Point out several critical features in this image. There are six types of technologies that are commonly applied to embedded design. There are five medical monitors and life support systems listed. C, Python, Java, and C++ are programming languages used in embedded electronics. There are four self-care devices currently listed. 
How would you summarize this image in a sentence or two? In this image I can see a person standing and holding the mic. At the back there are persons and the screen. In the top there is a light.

◆ ◆ ◆ ◆ ◆ ◆ ◆

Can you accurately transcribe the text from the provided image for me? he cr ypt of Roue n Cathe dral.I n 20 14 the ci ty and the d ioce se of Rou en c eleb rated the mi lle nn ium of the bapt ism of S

◆ ◆ ◆ ◆ ◆ ◆ ◆

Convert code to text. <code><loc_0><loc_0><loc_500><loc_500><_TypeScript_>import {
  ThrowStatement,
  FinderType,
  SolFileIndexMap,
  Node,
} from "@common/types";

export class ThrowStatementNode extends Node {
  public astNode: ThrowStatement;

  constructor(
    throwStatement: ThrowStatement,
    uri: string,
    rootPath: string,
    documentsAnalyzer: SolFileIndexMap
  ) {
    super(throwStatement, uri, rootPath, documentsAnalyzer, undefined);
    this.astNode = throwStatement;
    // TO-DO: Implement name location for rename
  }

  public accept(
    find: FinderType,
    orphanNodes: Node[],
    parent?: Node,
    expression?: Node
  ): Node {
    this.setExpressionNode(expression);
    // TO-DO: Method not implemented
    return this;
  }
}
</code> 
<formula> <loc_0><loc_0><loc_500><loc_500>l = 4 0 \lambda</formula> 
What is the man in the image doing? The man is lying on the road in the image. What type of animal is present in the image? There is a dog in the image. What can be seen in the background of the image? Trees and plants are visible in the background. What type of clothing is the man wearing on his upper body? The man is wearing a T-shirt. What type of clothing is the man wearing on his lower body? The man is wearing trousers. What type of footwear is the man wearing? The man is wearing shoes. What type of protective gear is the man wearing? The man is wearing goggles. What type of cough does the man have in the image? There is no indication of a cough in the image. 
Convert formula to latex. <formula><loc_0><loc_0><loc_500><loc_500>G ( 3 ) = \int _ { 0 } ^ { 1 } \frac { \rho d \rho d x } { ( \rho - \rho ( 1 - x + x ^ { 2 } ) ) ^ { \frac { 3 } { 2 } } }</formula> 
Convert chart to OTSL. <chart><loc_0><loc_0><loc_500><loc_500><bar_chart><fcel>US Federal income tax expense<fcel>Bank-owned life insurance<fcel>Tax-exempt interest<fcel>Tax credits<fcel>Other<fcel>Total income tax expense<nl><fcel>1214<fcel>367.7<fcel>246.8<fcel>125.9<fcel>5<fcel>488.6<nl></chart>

◆ ◆ ◆ ◆ ◆ ◆ ◆

- _What is expected_
Please reproduce the lines from the line with "Point out several" to the line with "How would you", both ends included, exactly as they appear above.

- _Response_
Point out several critical features in this image. There are six types of technologies that are commonly applied to embedded design. There are five medical monitors and life support systems listed. C, Python, Java, and C++ are programming languages used in embedded electronics. There are four self-care devices currently listed. 
How would you summarize this image in a sentence or two? In this image I can see a person standing and holding the mic. At the back there are persons and the screen. In the top there is a light.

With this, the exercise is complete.